____ Provided data
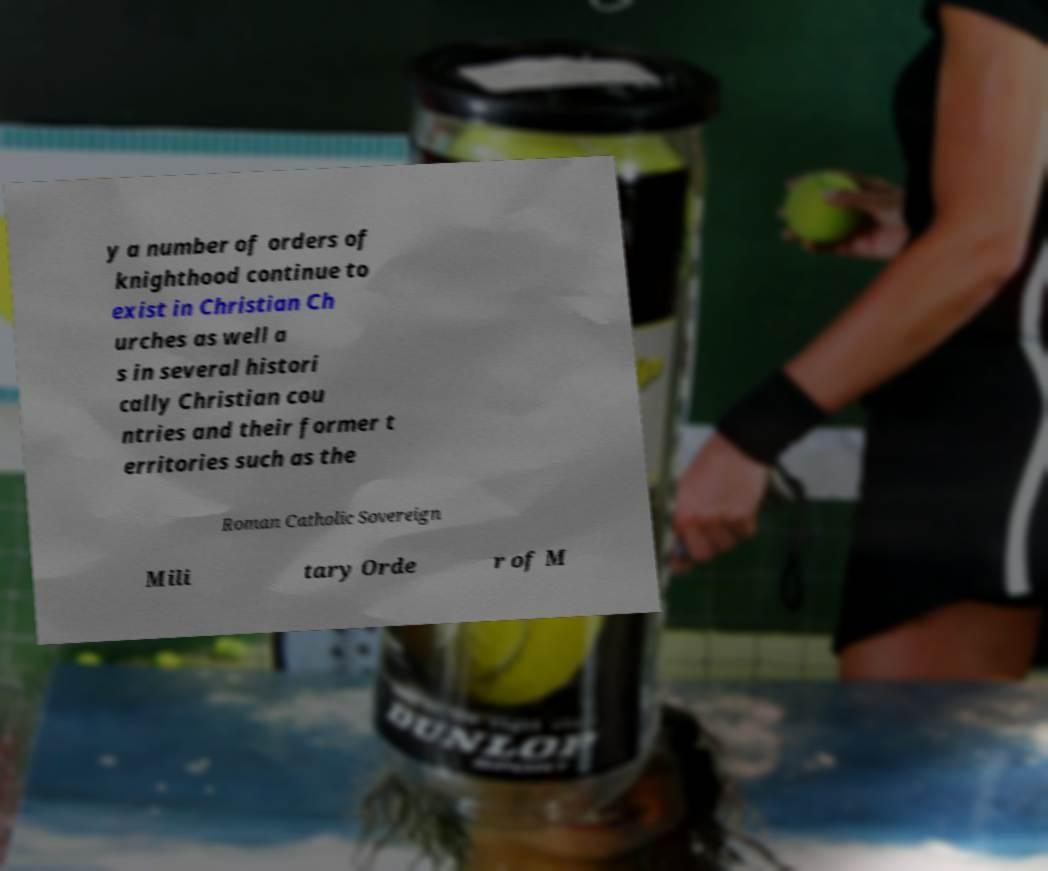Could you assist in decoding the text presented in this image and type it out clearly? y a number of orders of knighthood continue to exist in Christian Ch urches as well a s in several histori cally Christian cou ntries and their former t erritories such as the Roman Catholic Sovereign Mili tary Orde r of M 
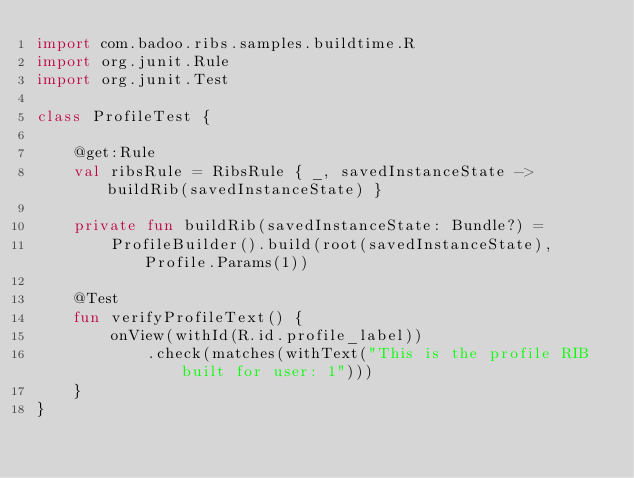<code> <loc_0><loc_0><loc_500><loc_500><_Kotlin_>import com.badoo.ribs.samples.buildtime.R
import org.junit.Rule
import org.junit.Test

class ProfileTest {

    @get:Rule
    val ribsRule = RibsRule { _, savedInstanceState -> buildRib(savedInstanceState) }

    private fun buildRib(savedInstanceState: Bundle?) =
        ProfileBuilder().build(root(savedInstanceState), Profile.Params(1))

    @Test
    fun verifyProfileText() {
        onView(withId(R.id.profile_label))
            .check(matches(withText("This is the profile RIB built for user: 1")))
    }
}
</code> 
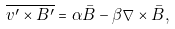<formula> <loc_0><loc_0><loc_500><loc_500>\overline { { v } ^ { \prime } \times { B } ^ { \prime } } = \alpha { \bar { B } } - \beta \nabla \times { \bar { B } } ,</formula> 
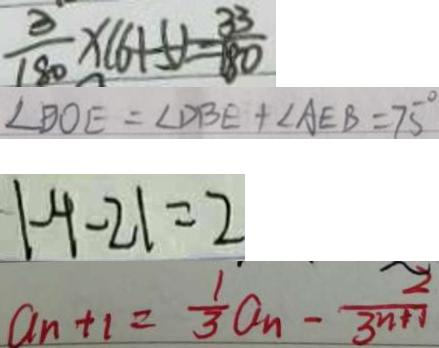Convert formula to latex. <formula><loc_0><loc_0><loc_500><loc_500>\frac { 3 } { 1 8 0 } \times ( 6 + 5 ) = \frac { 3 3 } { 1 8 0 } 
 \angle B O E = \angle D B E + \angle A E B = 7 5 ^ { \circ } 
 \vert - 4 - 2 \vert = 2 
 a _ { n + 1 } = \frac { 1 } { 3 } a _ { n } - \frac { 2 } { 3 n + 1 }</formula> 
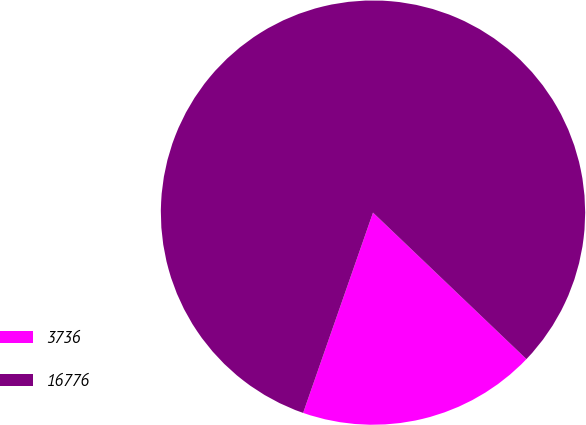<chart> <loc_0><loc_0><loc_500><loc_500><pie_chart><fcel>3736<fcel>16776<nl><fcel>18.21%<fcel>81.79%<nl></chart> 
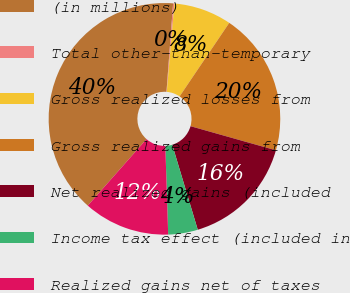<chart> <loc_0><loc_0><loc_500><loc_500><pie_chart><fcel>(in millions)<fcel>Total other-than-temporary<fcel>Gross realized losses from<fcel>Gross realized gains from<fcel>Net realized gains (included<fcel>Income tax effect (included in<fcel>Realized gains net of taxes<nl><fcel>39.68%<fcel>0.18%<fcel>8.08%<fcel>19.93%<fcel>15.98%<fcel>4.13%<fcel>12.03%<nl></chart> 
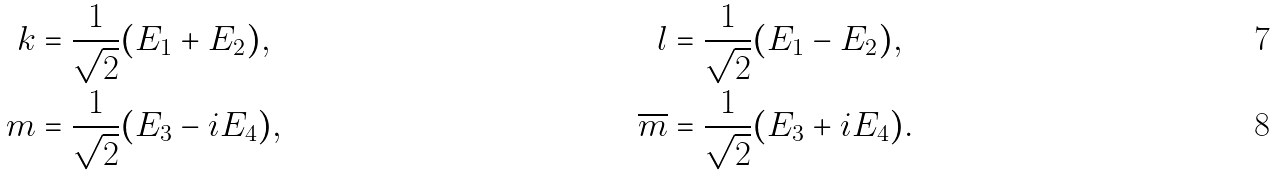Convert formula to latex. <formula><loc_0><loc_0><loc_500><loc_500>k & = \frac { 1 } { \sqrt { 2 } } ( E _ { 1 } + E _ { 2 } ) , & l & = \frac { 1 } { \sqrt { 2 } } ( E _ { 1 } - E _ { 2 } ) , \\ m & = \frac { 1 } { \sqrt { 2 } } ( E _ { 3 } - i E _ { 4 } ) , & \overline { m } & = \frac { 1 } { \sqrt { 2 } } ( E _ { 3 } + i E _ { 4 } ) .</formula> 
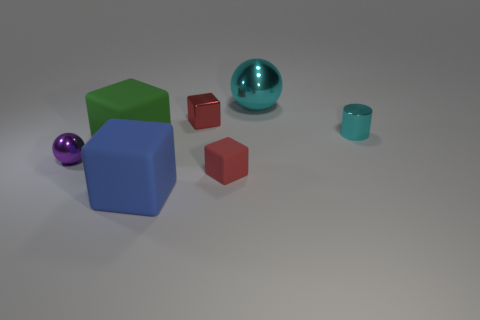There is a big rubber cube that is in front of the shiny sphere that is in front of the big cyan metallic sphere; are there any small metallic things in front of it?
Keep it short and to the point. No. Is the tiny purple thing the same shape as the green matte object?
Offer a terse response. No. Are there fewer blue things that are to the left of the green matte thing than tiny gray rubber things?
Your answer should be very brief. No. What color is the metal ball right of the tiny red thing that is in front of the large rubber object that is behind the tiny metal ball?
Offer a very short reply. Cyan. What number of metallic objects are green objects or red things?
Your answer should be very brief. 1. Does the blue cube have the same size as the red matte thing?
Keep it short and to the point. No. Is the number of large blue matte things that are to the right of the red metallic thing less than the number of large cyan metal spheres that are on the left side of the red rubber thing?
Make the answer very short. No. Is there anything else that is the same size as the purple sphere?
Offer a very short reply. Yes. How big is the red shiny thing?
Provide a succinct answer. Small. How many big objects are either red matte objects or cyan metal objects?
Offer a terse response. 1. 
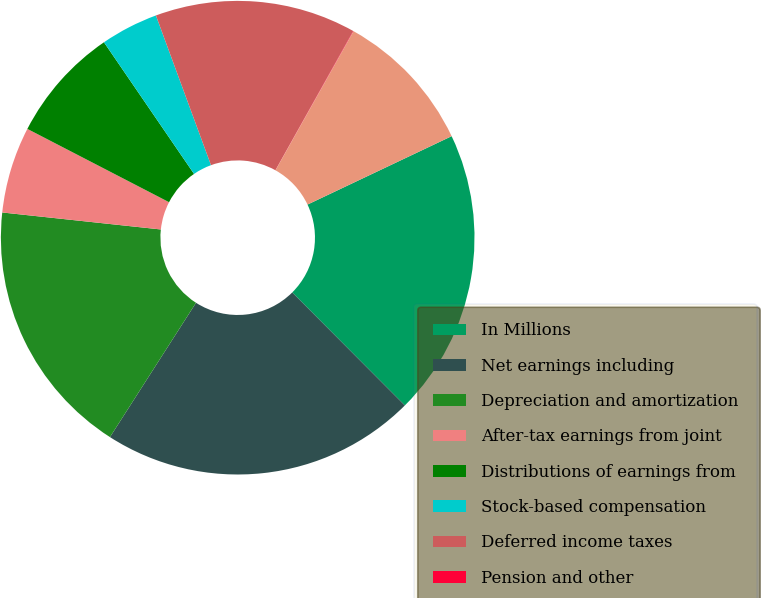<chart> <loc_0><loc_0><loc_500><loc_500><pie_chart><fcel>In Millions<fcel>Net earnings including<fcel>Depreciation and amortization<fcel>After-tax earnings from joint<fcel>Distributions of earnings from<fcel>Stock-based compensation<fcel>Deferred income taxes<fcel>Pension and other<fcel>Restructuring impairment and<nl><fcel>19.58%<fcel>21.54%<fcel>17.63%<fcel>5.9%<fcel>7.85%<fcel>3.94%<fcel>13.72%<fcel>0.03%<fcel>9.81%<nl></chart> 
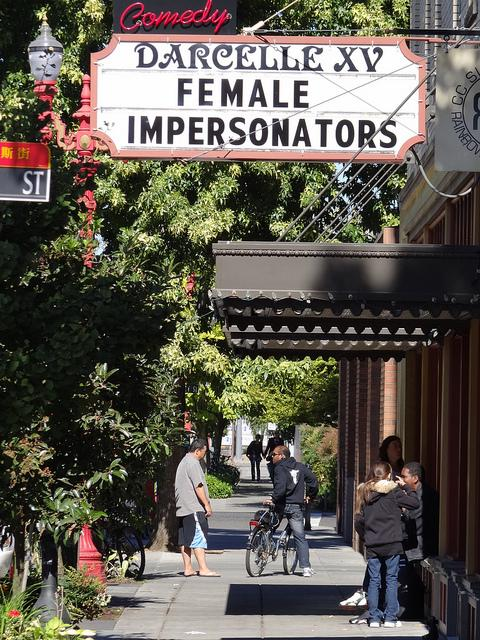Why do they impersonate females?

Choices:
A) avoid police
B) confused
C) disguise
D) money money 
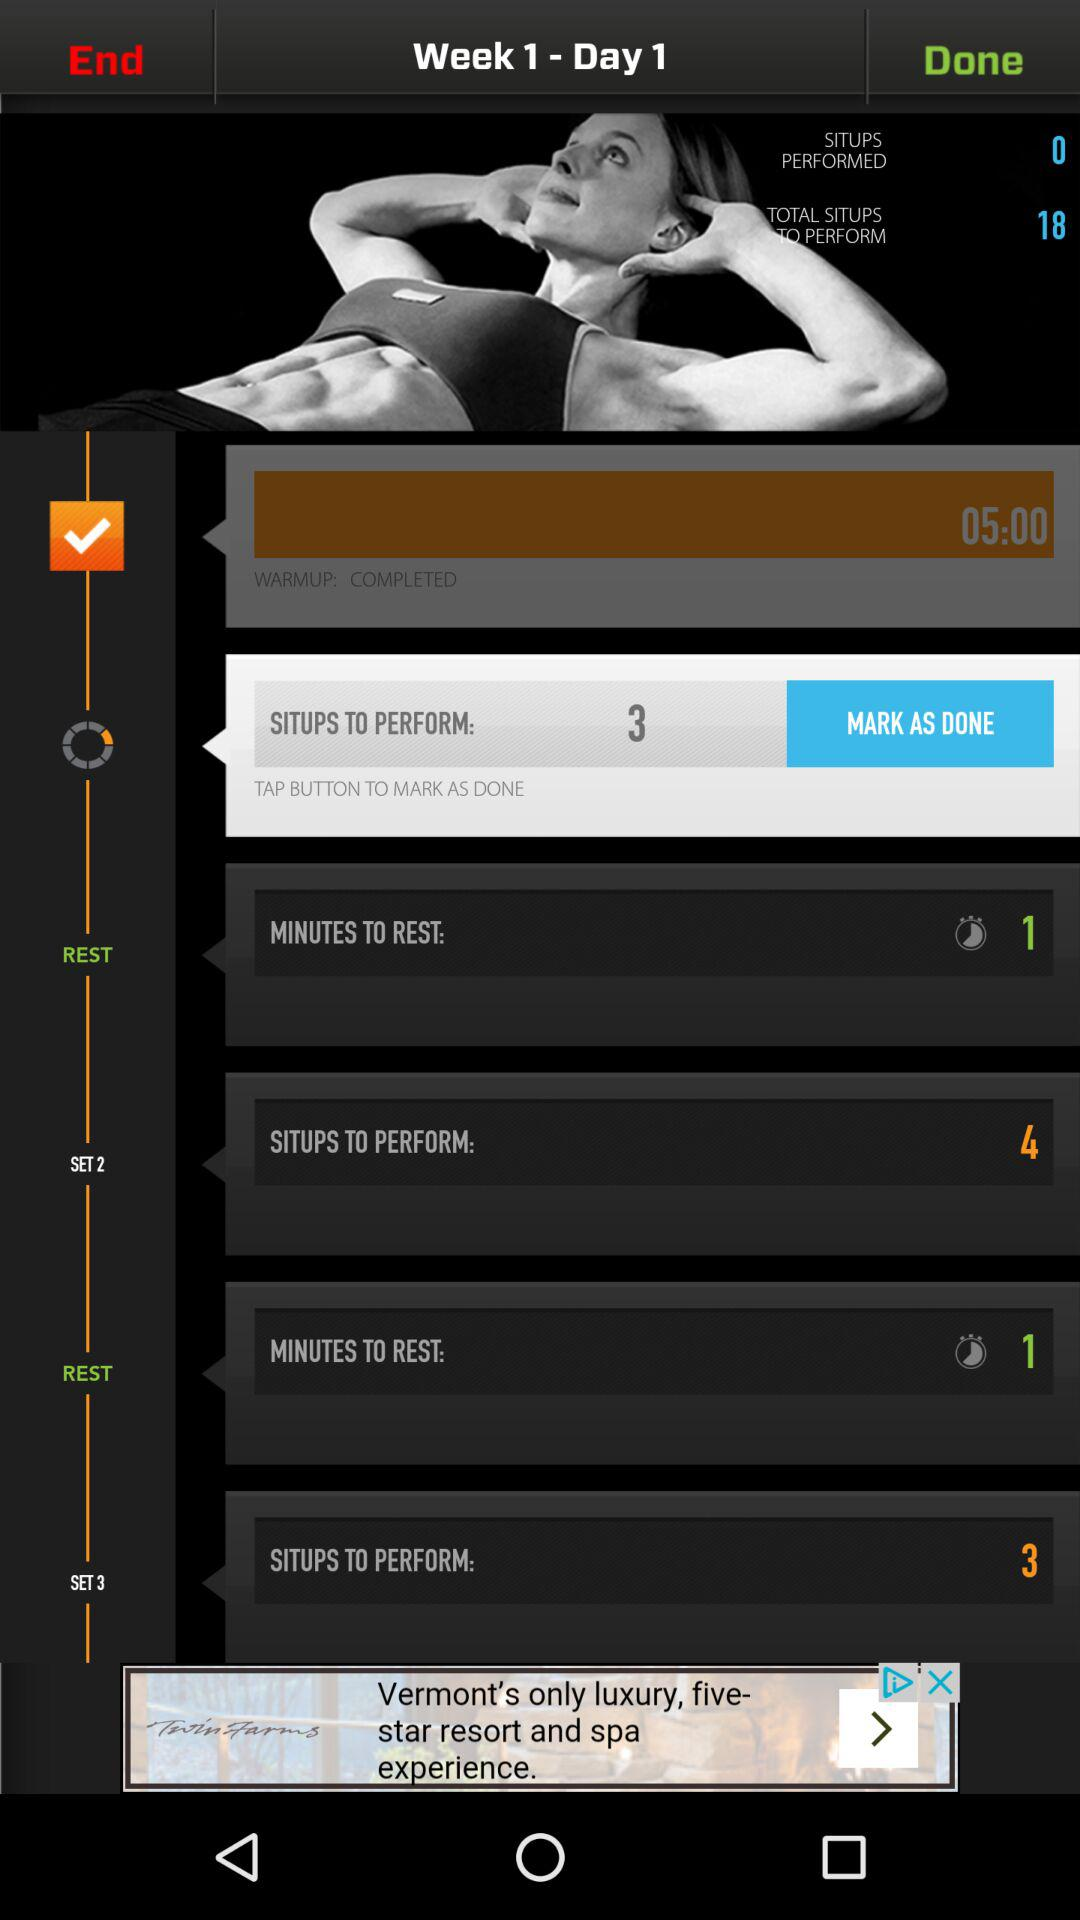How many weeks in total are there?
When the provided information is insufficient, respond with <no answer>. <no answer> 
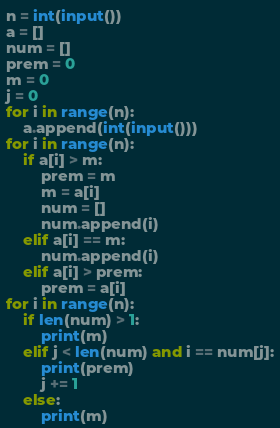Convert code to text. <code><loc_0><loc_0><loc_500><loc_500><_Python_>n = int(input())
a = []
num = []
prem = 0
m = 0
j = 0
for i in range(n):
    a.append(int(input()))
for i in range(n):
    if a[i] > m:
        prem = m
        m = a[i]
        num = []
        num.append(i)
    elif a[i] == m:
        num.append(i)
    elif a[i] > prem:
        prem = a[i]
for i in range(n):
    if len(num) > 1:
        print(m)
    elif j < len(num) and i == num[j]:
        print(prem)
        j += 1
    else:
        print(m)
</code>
________
_Brief_
Write out the data word for word. Any picture is to be skipped.

_Response to the task_
Could you assist in decoding the text presented in this image and type it out clearly? y a number of orders of knighthood continue to exist in Christian Ch urches as well a s in several histori cally Christian cou ntries and their former t erritories such as the Roman Catholic Sovereign Mili tary Orde r of M 
<code> <loc_0><loc_0><loc_500><loc_500><_Kotlin_>import com.badoo.ribs.samples.buildtime.R
import org.junit.Rule
import org.junit.Test

class ProfileTest {

    @get:Rule
    val ribsRule = RibsRule { _, savedInstanceState -> buildRib(savedInstanceState) }

    private fun buildRib(savedInstanceState: Bundle?) =
        ProfileBuilder().build(root(savedInstanceState), Profile.Params(1))

    @Test
    fun verifyProfileText() {
        onView(withId(R.id.profile_label))
            .check(matches(withText("This is the profile RIB built for user: 1")))
    }
}
</code> 
<formula> <loc_0><loc_0><loc_500><loc_500>\overline { { v } ^ { \prime } \times { B } ^ { \prime } } = \alpha { \bar { B } } - \beta \nabla \times { \bar { B } } ,</formula> 
Convert formula to latex. <formula><loc_0><loc_0><loc_500><loc_500>\frac { 3 } { 1 8 0 } \times ( 6 + 5 ) = \frac { 3 3 } { 1 8 0 } 
 \angle B O E = \angle D B E + \angle A E B = 7 5 ^ { \circ } 
 \vert - 4 - 2 \vert = 2 
 a _ { n + 1 } = \frac { 1 } { 3 } a _ { n } - \frac { 2 } { 3 n + 1 }</formula> 
<chart> <loc_0><loc_0><loc_500><loc_500><pie_chart><fcel>3736<fcel>16776<nl><fcel>18.21%<fcel>81.79%<nl></chart> 
<chart> <loc_0><loc_0><loc_500><loc_500><pie_chart><fcel>(in millions)<fcel>Total other-than-temporary<fcel>Gross realized losses from<fcel>Gross realized gains from<fcel>Net realized gains (included<fcel>Income tax effect (included in<fcel>Realized gains net of taxes<nl><fcel>39.68%<fcel>0.18%<fcel>8.08%<fcel>19.93%<fcel>15.98%<fcel>4.13%<fcel>12.03%<nl></chart> 
Convert formula to latex. <formula><loc_0><loc_0><loc_500><loc_500>k & = \frac { 1 } { \sqrt { 2 } } ( E _ { 1 } + E _ { 2 } ) , & l & = \frac { 1 } { \sqrt { 2 } } ( E _ { 1 } - E _ { 2 } ) , \\ m & = \frac { 1 } { \sqrt { 2 } } ( E _ { 3 } - i E _ { 4 } ) , & \overline { m } & = \frac { 1 } { \sqrt { 2 } } ( E _ { 3 } + i E _ { 4 } ) .</formula> 
There is a big rubber cube that is in front of the shiny sphere that is in front of the big cyan metallic sphere; are there any small metallic things in front of it?
Keep it short and to the point. No. Is the tiny purple thing the same shape as the green matte object?
Offer a terse response. No. Are there fewer blue things that are to the left of the green matte thing than tiny gray rubber things?
Your answer should be very brief. No. What color is the metal ball right of the tiny red thing that is in front of the large rubber object that is behind the tiny metal ball?
Offer a very short reply. Cyan. What number of metallic objects are green objects or red things?
Your answer should be very brief. 1. Does the blue cube have the same size as the red matte thing?
Keep it short and to the point. No. Is the number of large blue matte things that are to the right of the red metallic thing less than the number of large cyan metal spheres that are on the left side of the red rubber thing?
Make the answer very short. No. Is there anything else that is the same size as the purple sphere?
Offer a very short reply. Yes. How big is the red shiny thing?
Provide a succinct answer. Small. How many big objects are either red matte objects or cyan metal objects?
Offer a terse response. 1. 
<chart> <loc_0><loc_0><loc_500><loc_500><pie_chart><fcel>In Millions<fcel>Net earnings including<fcel>Depreciation and amortization<fcel>After-tax earnings from joint<fcel>Distributions of earnings from<fcel>Stock-based compensation<fcel>Deferred income taxes<fcel>Pension and other<fcel>Restructuring impairment and<nl><fcel>19.58%<fcel>21.54%<fcel>17.63%<fcel>5.9%<fcel>7.85%<fcel>3.94%<fcel>13.72%<fcel>0.03%<fcel>9.81%<nl></chart> 
Why do they impersonate females?

Choices:
A) avoid police
B) confused
C) disguise
D) money money 
How many weeks in total are there?
When the provided information is insufficient, respond with <no answer>. <no answer> 
Convert code to text. <code><loc_0><loc_0><loc_500><loc_500><_Python_>n = int(input())
a = []
num = []
prem = 0
m = 0
j = 0
for i in range(n):
    a.append(int(input()))
for i in range(n):
    if a[i] > m:
        prem = m
        m = a[i]
        num = []
        num.append(i)
    elif a[i] == m:
        num.append(i)
    elif a[i] > prem:
        prem = a[i]
for i in range(n):
    if len(num) > 1:
        print(m)
    elif j < len(num) and i == num[j]:
        print(prem)
        j += 1
    else:
        print(m)
</code>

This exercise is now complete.